▶ _What is needed_:
Look in the material below for the line with "Convert formula to" and the line with "Give a very brief answer. 0.", then set down exactly those two lines and all lines between, nothing more.

▶ _Task material_:
━━━━━━━━━━
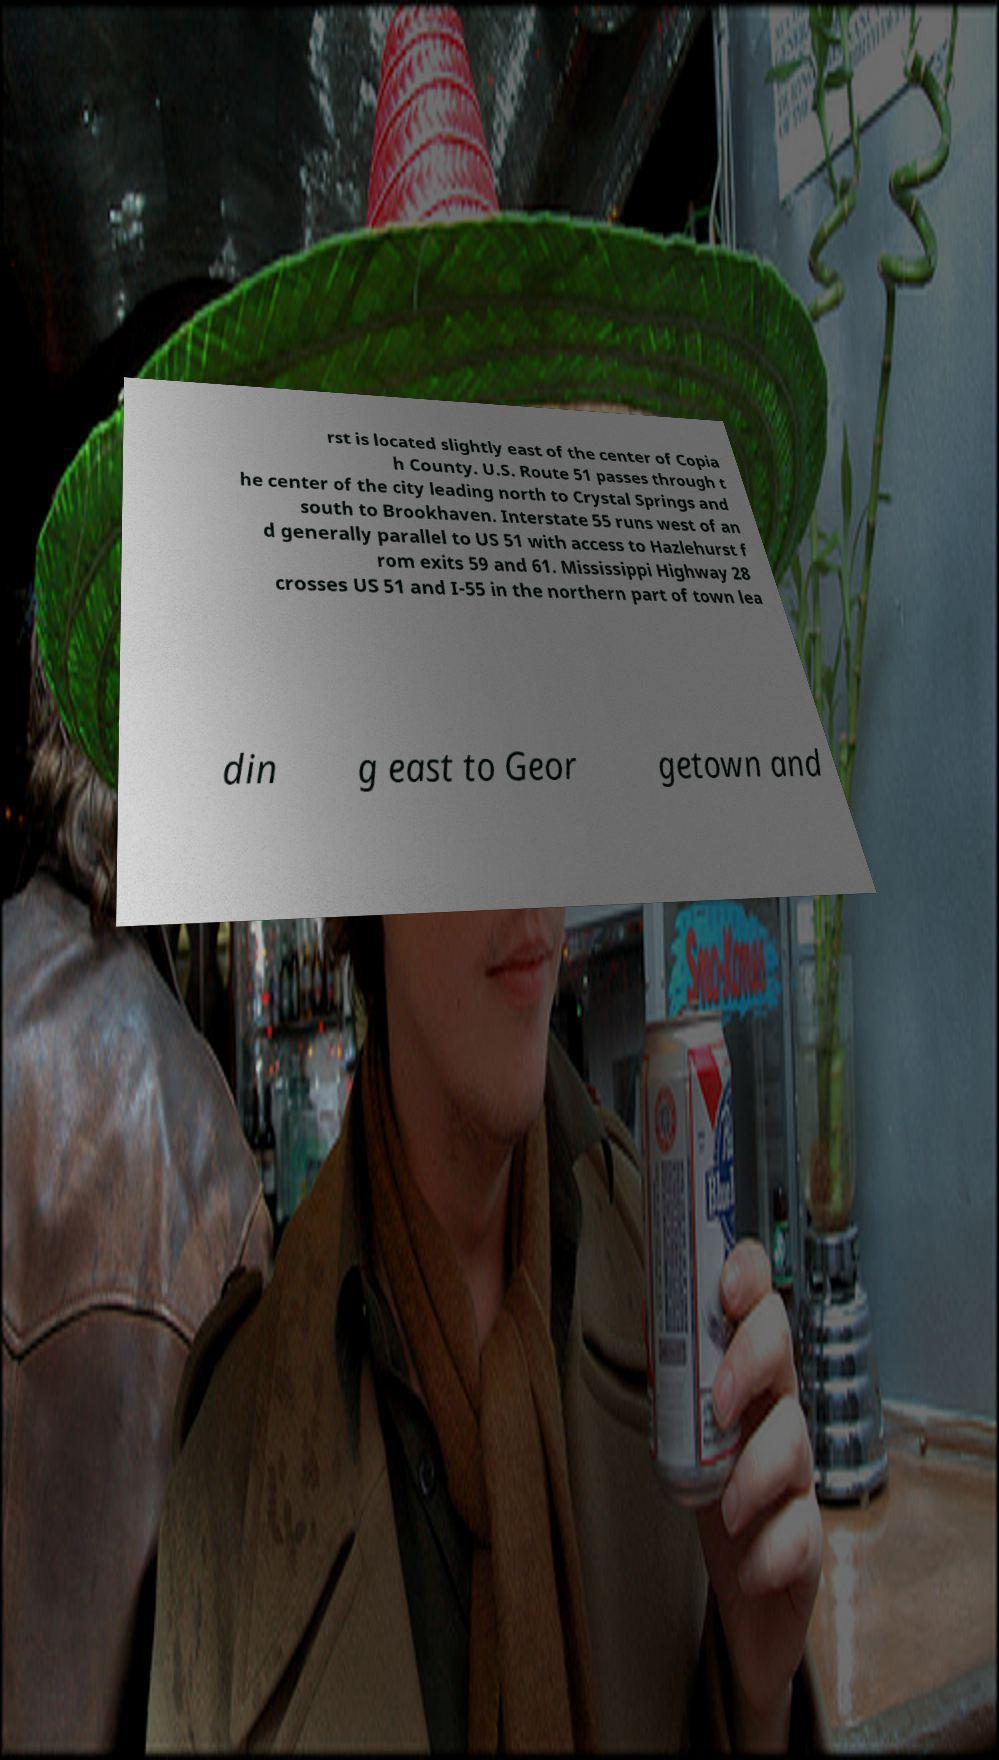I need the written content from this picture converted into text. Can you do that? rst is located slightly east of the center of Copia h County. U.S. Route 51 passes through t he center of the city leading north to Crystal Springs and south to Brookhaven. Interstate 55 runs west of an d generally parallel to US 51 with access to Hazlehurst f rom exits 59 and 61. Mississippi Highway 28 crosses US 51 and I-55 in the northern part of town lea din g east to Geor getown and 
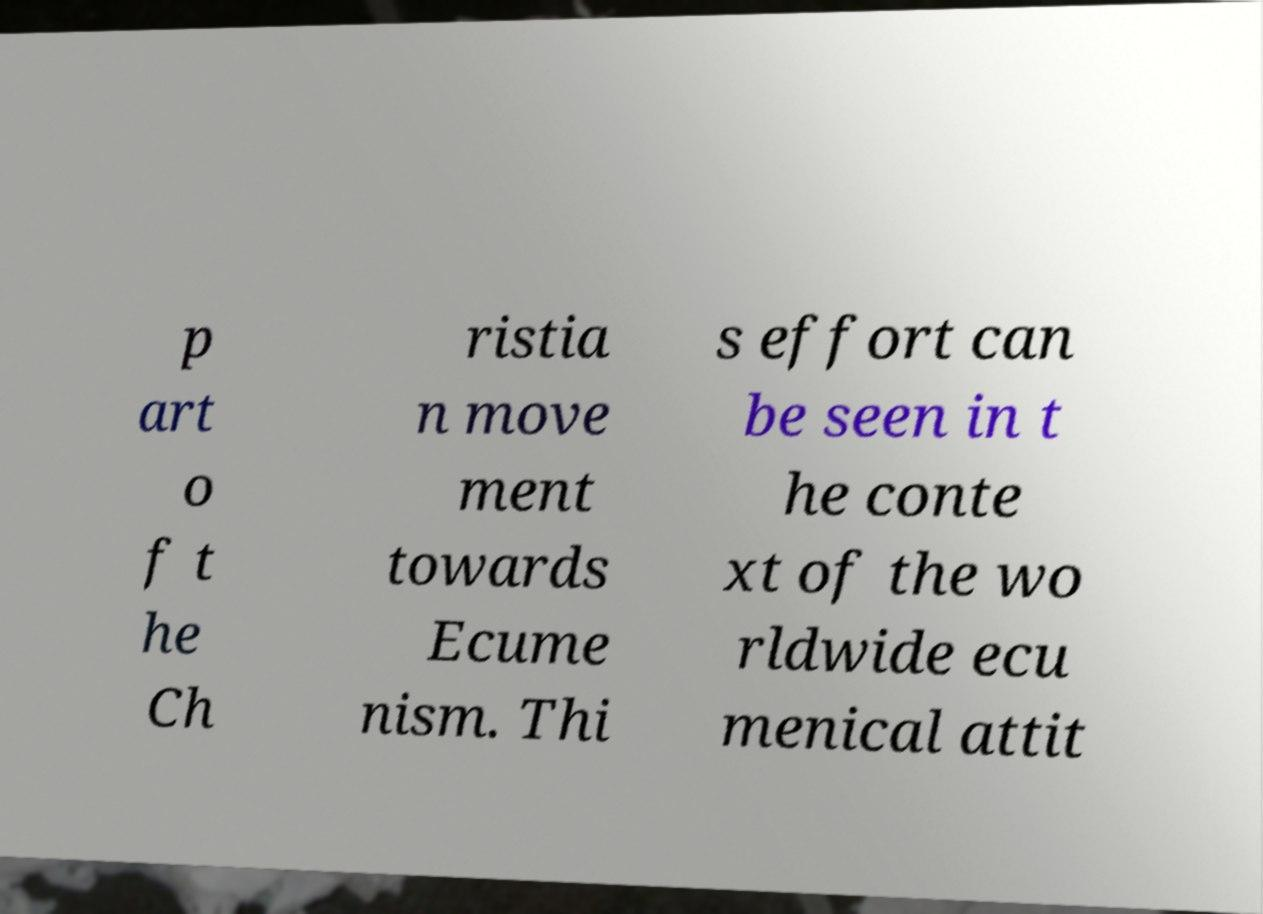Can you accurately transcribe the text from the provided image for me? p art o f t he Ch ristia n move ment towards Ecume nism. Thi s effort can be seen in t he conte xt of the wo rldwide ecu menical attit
━━━━━━━━━━
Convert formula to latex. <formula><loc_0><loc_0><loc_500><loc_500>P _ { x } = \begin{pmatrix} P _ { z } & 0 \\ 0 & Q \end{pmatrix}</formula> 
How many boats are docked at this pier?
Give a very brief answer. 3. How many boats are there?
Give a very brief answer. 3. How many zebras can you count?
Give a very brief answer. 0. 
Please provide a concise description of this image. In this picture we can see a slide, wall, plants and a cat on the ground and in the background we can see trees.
━━━━━━━━━━
▶ _Answer for the task_:
Convert formula to latex. <formula><loc_0><loc_0><loc_500><loc_500>P _ { x } = \begin{pmatrix} P _ { z } & 0 \\ 0 & Q \end{pmatrix}</formula> 
How many boats are docked at this pier?
Give a very brief answer. 3. How many boats are there?
Give a very brief answer. 3. How many zebras can you count?
Give a very brief answer. 0. 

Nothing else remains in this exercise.